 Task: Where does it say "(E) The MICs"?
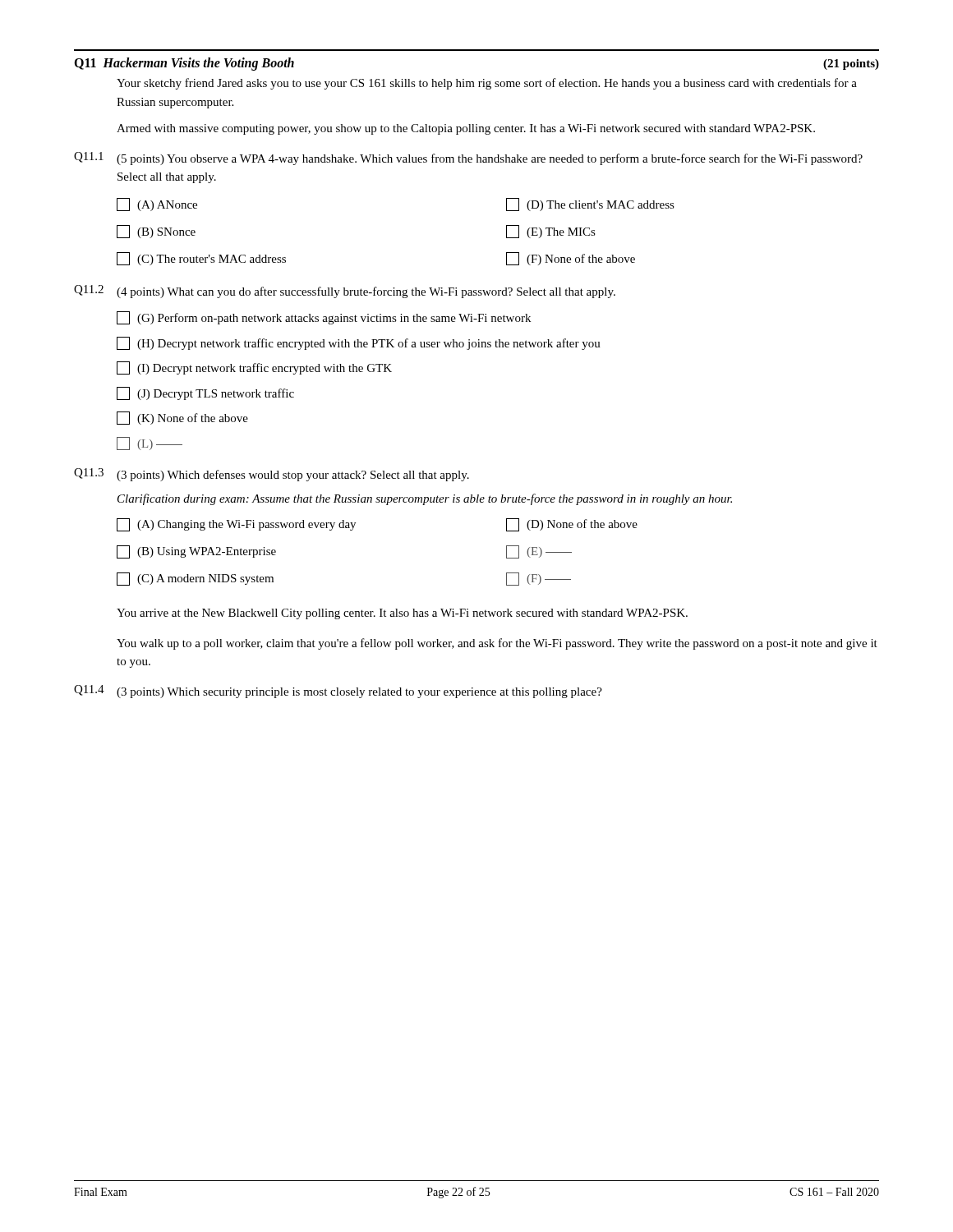click(x=551, y=232)
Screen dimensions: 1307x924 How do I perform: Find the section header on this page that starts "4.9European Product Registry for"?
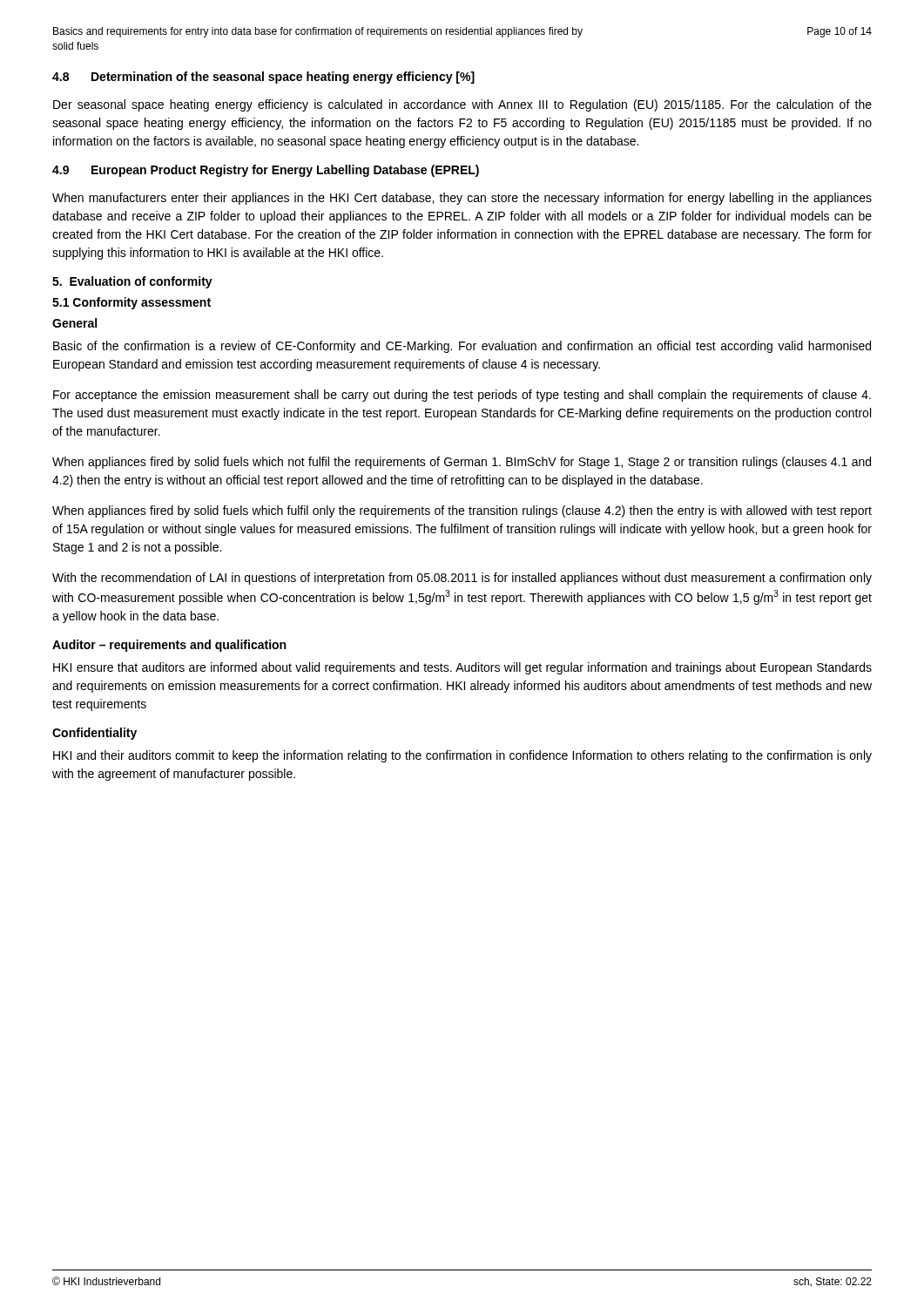266,170
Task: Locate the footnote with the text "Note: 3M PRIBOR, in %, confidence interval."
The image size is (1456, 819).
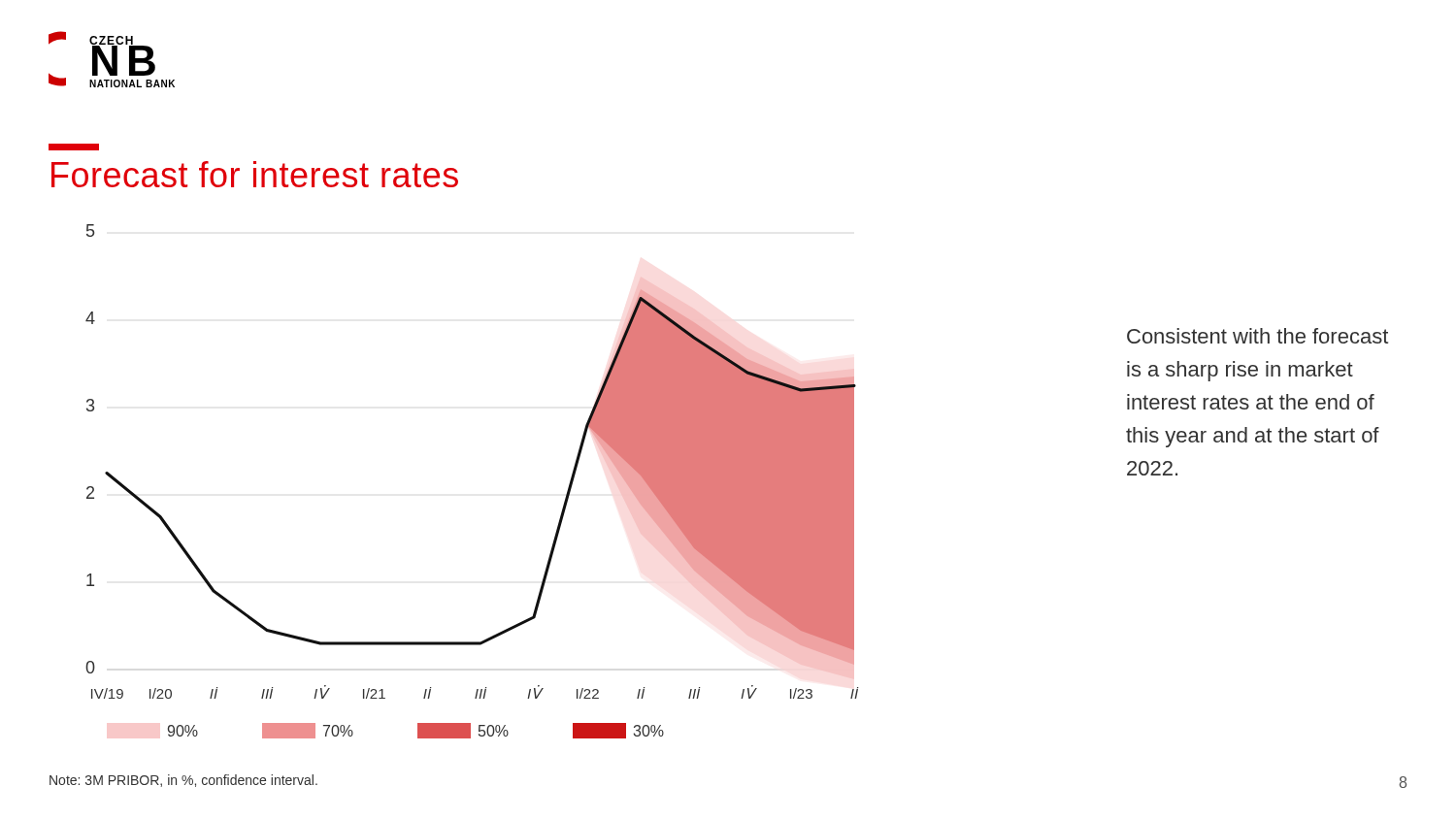Action: 183,780

# What you will do
The data above are to be repeated word for word, with any pictures left out.

# Answer section
 Task: Where does it say "(E) The MICs"?
click(x=551, y=232)
Screen dimensions: 1307x924 How do I perform: Find the section header on this page that starts "4.9European Product Registry for"?
266,170
Task: Locate the footnote with the text "Note: 3M PRIBOR, in %, confidence interval."
The image size is (1456, 819).
Action: 183,780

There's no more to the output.